To begin with, let's check how important the effect of “warming up” the queue when sending messages:

Number of records	20	50	100	150	200	250	300	400	500	600	700	800	900	1000
Minimum time (sec)	0.1	0.1	0.1	0.09	0.09	0.09	0.09	0.1	0.09	0.1	0.1	0.09	0.09	0.09
Maximum time (sec)	0.19	0.37	0.41	0.41	0.37	0.38	0.37	0.43	0.39	0.66	0.74	0.48	0.53	0.77
Average time (s)	0.12	0.12	0.12	0.12	0.12	0.12	0.12	0.12	0.12	0.12	0.12	0.12	0.12	0.12

The same in the form of a graph:

we can say that no warm-up is observed, that is, the queue behaves approximately equally in these data volumes, only the maximum for some reason rises, but the average and minimum remain in their places.
Same for read-delete

Number of records	20	50	100	150	200	250	300	400	500	600	700	800	900	1000
Minimum time (sec)	0.001	0.14	0	0.135	0	0.135	0	0	0	0	0	0	0	0
Maximum time (sec)	0.72	0.47	0.65	0.65	0.69	0.51	0.75	0.75	0.76	0.73	0.82	0.79	0.74	0.91
Average time (s)	0.23	0.21	0.21	0.21	0.21	0.21	0.21	0.21	0.21	0.2	0.2	0.2	0.2	0.21

There is also no saturation, an average of around 200ms. Sometimes reading happened instantly (faster than 1 ms), but this means that the message was not received, according to the documentation, the SQS server can do this, you just need to re-request the message.

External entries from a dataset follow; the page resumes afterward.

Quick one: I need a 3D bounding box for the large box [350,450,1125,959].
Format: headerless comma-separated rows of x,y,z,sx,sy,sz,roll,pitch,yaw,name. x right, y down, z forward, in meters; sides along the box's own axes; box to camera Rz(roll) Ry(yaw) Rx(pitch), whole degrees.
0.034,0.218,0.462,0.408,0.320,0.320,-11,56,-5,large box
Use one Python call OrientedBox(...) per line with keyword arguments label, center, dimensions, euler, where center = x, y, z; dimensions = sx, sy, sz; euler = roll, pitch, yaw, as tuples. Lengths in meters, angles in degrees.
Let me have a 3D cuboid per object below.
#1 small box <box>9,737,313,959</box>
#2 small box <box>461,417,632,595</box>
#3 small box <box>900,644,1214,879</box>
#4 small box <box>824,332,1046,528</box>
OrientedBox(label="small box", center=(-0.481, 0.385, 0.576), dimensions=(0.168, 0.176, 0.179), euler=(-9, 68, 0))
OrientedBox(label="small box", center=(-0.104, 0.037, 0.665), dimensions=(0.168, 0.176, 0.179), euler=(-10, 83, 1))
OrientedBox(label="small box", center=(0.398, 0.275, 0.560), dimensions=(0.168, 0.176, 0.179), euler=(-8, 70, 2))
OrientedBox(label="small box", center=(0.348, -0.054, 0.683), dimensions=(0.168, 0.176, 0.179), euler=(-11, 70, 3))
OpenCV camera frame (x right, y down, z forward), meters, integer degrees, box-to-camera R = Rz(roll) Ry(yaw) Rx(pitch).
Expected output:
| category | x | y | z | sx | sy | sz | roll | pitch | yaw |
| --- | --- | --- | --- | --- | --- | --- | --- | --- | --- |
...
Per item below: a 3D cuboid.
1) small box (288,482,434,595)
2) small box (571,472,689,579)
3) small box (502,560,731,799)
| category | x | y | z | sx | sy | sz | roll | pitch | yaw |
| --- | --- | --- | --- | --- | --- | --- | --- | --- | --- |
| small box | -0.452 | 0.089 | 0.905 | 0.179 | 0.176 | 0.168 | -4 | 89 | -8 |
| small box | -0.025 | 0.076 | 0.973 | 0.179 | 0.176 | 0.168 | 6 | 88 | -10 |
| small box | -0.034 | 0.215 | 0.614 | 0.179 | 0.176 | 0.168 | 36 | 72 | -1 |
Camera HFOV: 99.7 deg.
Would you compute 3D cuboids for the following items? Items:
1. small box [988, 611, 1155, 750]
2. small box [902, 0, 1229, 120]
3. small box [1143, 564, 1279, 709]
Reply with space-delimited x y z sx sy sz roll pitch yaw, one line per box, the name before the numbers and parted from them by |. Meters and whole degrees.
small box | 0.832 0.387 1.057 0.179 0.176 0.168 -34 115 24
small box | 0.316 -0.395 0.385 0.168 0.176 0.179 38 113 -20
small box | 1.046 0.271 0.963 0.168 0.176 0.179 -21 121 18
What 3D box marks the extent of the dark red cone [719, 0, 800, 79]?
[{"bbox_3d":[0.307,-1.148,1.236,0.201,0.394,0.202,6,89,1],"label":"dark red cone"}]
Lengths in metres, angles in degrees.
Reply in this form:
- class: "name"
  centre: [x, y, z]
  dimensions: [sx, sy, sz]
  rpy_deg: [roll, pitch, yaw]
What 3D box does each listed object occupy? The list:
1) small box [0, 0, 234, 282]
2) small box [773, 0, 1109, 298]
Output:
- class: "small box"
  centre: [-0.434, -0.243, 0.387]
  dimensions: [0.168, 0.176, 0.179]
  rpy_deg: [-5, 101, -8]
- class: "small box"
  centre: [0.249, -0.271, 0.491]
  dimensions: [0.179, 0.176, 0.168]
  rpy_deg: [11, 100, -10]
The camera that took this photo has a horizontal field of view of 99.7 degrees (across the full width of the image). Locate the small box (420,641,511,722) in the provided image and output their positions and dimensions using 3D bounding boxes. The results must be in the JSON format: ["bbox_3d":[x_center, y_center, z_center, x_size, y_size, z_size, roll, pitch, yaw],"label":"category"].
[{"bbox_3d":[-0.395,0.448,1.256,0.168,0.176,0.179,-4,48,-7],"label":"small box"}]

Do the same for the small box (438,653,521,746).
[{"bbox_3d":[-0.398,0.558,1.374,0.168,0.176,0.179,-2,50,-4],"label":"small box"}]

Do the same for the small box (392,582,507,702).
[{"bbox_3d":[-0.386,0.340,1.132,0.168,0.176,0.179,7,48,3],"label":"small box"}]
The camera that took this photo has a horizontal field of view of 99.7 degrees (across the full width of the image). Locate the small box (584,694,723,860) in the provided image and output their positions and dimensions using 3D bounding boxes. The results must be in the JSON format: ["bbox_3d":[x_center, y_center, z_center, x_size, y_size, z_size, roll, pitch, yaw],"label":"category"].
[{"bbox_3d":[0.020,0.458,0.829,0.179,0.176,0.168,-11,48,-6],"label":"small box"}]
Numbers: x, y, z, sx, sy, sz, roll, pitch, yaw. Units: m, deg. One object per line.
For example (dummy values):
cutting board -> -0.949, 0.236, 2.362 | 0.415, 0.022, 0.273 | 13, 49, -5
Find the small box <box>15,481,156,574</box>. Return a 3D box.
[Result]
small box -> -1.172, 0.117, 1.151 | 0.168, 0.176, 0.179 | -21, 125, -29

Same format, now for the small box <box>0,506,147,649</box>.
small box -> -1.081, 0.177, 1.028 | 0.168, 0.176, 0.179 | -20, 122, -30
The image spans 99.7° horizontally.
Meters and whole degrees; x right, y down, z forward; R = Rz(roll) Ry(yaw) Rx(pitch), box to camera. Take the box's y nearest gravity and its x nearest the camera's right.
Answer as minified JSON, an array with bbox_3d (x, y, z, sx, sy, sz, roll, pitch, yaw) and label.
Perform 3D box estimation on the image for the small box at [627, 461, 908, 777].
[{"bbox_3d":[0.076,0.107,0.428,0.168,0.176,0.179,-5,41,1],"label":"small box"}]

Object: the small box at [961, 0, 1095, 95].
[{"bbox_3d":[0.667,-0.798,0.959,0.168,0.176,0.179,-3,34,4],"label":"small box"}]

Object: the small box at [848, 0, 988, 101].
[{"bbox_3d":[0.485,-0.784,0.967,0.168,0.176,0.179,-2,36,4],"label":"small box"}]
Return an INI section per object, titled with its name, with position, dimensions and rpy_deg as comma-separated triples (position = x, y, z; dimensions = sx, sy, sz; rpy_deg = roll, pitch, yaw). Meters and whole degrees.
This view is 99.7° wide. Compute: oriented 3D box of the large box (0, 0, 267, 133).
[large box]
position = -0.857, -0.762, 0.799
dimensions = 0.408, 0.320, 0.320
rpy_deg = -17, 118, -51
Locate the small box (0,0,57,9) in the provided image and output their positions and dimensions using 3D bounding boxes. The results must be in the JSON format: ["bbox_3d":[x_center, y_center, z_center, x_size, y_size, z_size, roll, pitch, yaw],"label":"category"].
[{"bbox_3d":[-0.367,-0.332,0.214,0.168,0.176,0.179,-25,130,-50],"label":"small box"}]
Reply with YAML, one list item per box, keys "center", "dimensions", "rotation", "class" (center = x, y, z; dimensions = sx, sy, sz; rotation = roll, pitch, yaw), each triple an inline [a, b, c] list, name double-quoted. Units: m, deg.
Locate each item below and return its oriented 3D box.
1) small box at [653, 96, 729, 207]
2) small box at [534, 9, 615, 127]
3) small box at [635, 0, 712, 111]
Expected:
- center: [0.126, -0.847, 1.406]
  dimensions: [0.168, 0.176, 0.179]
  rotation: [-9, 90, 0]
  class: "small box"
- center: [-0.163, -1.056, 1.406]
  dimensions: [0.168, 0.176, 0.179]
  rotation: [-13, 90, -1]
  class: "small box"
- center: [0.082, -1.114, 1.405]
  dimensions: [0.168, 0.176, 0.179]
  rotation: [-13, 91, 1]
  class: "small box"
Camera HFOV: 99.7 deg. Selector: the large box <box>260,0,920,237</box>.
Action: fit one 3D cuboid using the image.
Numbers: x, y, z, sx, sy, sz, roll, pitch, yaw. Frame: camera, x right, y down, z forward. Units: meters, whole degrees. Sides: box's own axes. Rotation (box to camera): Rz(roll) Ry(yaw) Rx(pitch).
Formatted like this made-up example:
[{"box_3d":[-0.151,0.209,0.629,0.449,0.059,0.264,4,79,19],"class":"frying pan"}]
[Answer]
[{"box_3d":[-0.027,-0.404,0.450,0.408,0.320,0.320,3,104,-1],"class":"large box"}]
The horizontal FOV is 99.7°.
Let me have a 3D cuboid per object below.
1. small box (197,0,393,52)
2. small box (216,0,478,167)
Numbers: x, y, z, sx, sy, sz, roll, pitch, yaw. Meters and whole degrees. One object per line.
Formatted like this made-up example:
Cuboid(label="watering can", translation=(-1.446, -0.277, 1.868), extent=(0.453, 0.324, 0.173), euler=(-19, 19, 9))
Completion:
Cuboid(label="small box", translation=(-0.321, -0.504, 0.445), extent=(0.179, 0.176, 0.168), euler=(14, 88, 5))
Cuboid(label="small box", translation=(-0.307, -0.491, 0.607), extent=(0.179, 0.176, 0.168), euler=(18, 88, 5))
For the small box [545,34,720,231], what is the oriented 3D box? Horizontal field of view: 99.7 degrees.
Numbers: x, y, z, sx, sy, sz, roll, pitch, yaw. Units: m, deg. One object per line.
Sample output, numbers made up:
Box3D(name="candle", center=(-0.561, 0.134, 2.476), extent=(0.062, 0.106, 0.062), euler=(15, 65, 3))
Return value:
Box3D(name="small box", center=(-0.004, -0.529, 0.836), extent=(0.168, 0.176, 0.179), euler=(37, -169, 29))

Let's go directly to the block and multi-threaded testing.

Unfortunately, the erlcloud library does not contain functions for batch sending messages, but such functions are not difficult to implement on the basis of the existing ones, in the function of sending messages you need to change the request to the following:

 Doc = sqs_xml_request(Config, QueueName, "SendMessageBatch", encode_message_list(Messages, 1)),

and add the query generation function:

 encode_message_list([], _) -> []; encode_message_list([H | T], N) -> MesssageId = string:concat("SendMessageBatchRequestEntry.", integer_to_list(N)), [{string:concat(MesssageId, ".Id"), integer_to_list(N)}, {string:concat(MesssageId, ".MessageBody"), H} | encode_message_list(T, N + 1)].

In the library, you should also fix the API version, for example, on 2011-10-01, otherwise Amazon will return Bad request in response to your requests.

testing functions are similar to those used in other tests:

 gen_messages(0) -> []; gen_messages(N) -> [random_string(5000 + random:uniform(1000)) | gen_messages(N - 1)]. send_batch(N, Queue) -> erlang:display(erlcloud_sqs:send_message_batch(Queue, gen_messages(10))), N + 1 .

Here, I just had to change the length of the messages so that the whole package would fit in 64kb, otherwise an exception is generated.

The following recording data was obtained:

Number of threads	0	one	2	four	five	ten	20	50	100
Maximum delay (sec)	0.452	0.761	0.858	1.464	1.698	3.14	5.272	11.793	20.215
Average delay (sec)	0.118	0.48	0.436	0.652	0.784	1.524	3.178	9.1	19.889
Time per message (s)	0.118	0.048	0.022	0.017	0.016	0.016	0.017	0.019	0.02

here 0 means reading one in 1 stream, then reading 1 in 10 in 1 stream, in 10 in 2 streams, in 10 in 4 streams, and so on

For reading:

Number of threads	0	one	2	four	five	ten	20	50	100
Maximum delay (sec)	0.762	2.998	2.511	2.4	2.606	2.751	4.944	11.653	18.517
Average delay (sec)	0.205	1.256	1.528	1.566	1.532	1.87	3.377	7.823	17.786
Time per message (s)	0.205	0.126	0.077	0.04	0.031	0.02	0.019	0.017	0.019

graph showing bandwidth for reading and writing (messages per second):

Blue - write, red - read.

From this data, we can conclude that the maximum throughput is achieved for recording in the region of 10 streams, and for reading - about 50, with a further increase in the number of streams, the number of messages sent per unit of time does not increase.

findings

It turns out that Amazon SQS significantly changes the order of messages, it has not very good reaction time and throughput; only reliability and a small (in the case of a small number of messages) charge can counter this. That is, if your speed is not critical, it doesn’t matter that the messages are mixed up and you don’t want to administer or hire a queue server administrator - this is your choice.